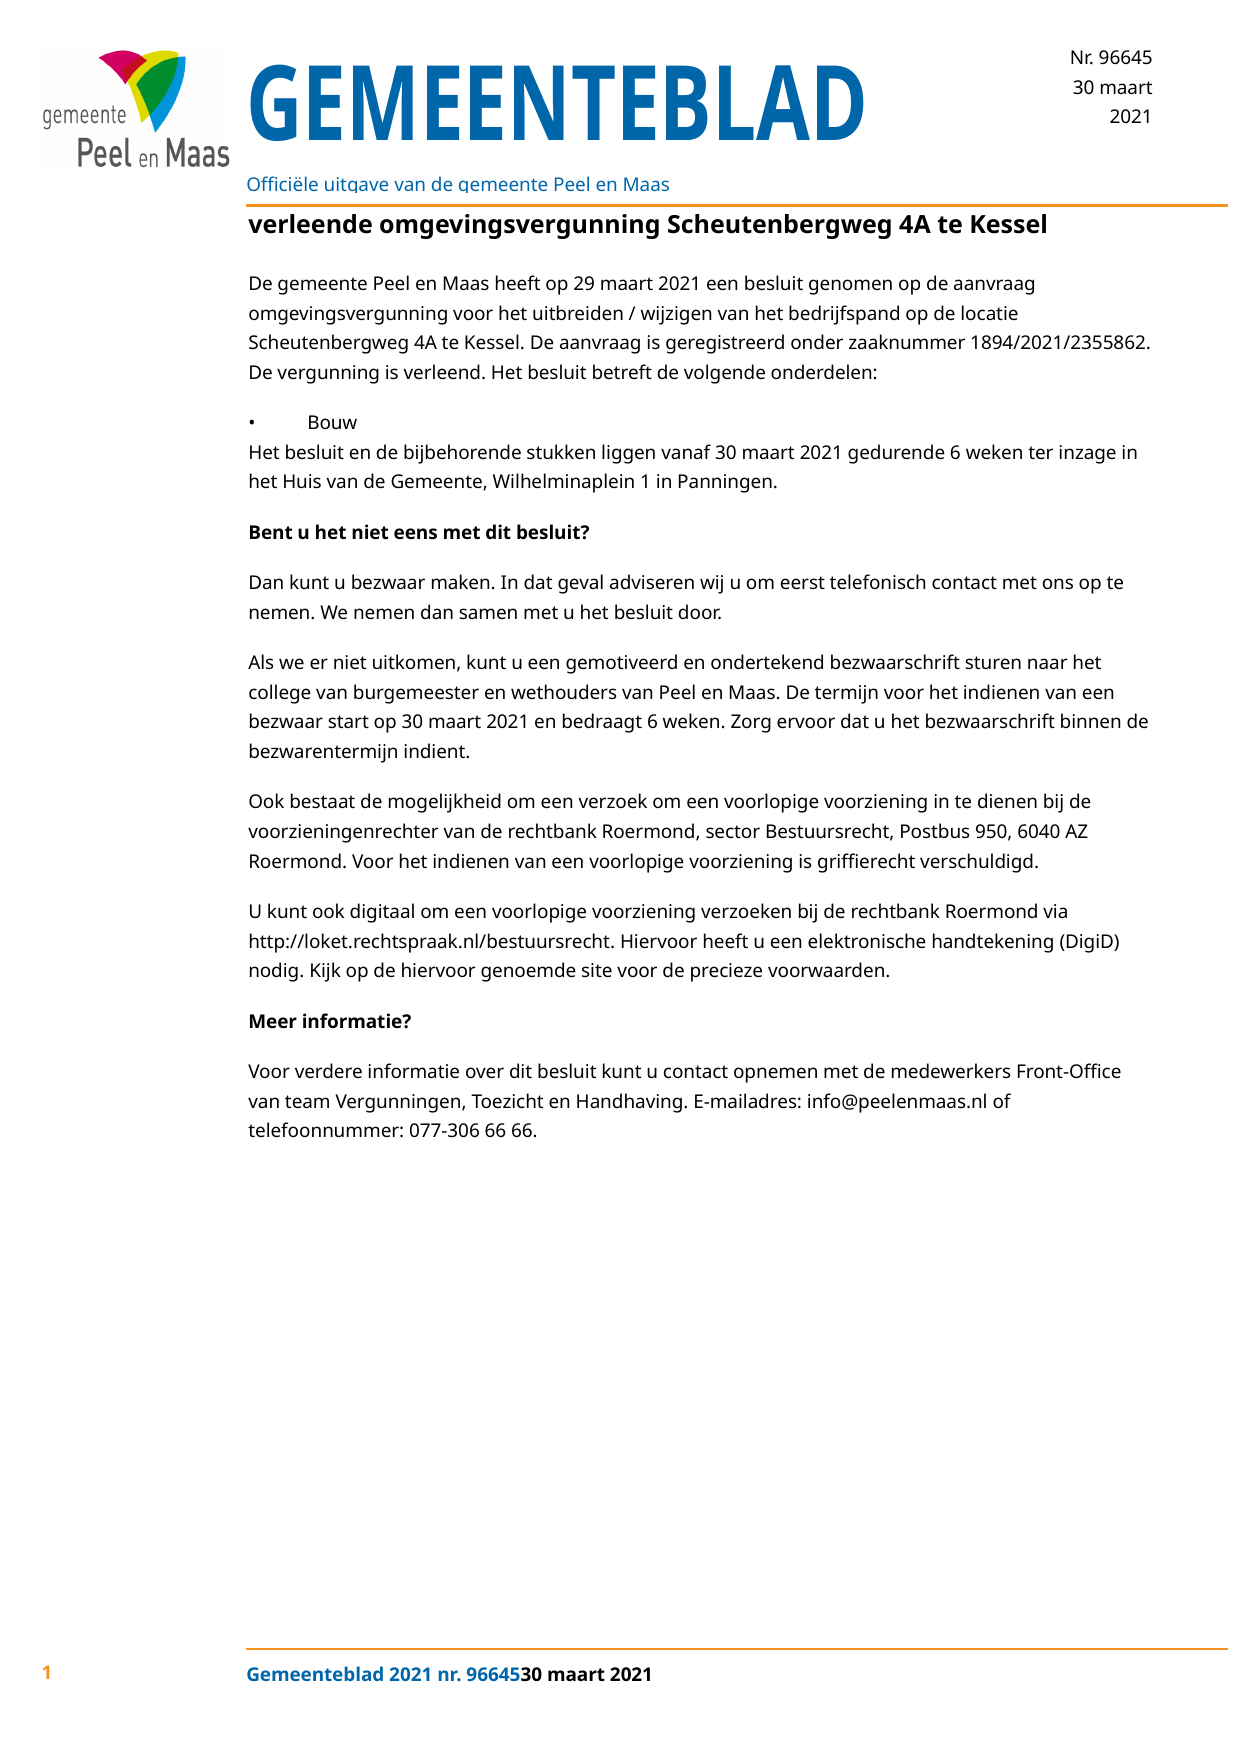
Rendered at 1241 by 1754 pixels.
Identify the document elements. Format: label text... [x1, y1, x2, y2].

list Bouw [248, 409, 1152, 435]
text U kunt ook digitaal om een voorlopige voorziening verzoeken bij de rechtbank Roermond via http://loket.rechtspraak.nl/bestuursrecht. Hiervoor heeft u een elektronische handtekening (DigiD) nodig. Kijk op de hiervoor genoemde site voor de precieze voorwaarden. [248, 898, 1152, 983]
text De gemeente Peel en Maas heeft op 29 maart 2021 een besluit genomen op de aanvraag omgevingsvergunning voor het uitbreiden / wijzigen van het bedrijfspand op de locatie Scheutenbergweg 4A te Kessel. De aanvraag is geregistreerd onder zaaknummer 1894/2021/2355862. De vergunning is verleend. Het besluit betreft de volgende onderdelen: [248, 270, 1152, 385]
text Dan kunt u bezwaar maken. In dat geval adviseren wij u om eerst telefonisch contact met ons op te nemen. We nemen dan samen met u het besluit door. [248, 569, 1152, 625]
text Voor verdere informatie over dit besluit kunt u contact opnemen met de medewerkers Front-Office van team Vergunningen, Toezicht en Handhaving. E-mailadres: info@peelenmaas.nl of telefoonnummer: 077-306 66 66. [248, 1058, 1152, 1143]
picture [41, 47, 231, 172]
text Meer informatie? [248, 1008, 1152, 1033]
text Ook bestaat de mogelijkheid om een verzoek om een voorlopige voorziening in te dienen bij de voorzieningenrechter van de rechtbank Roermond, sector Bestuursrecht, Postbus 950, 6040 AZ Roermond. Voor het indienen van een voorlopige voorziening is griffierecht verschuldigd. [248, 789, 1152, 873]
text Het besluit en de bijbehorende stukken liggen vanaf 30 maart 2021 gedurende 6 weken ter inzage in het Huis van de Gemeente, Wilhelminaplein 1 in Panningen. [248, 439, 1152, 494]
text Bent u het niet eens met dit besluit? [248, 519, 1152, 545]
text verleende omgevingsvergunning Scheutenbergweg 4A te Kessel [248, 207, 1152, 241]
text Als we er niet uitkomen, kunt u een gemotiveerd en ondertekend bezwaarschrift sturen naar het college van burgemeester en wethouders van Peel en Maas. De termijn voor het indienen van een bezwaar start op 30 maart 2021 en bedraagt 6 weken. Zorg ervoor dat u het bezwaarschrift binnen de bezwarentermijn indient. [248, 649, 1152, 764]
_ _ _
*Work instructions*:
Reproduce the lines of the entries above from the one with "text Meer informatie? [248, 1008, 1152, 1033]" to the one with "text verleende omgevingsvergunning", both included, exactly and without any other line.

*Answer to the exercise*:
text Meer informatie? [248, 1008, 1152, 1033]
text Ook bestaat de mogelijkheid om een verzoek om een voorlopige voorziening in te dienen bij de voorzieningenrechter van de rechtbank Roermond, sector Bestuursrecht, Postbus 950, 6040 AZ Roermond. Voor het indienen van een voorlopige voorziening is griffierecht verschuldigd. [248, 789, 1152, 873]
text Het besluit en de bijbehorende stukken liggen vanaf 30 maart 2021 gedurende 6 weken ter inzage in het Huis van de Gemeente, Wilhelminaplein 1 in Panningen. [248, 439, 1152, 494]
text Bent u het niet eens met dit besluit? [248, 519, 1152, 545]
text verleende omgevingsvergunning Scheutenbergweg 4A te Kessel [248, 207, 1152, 241]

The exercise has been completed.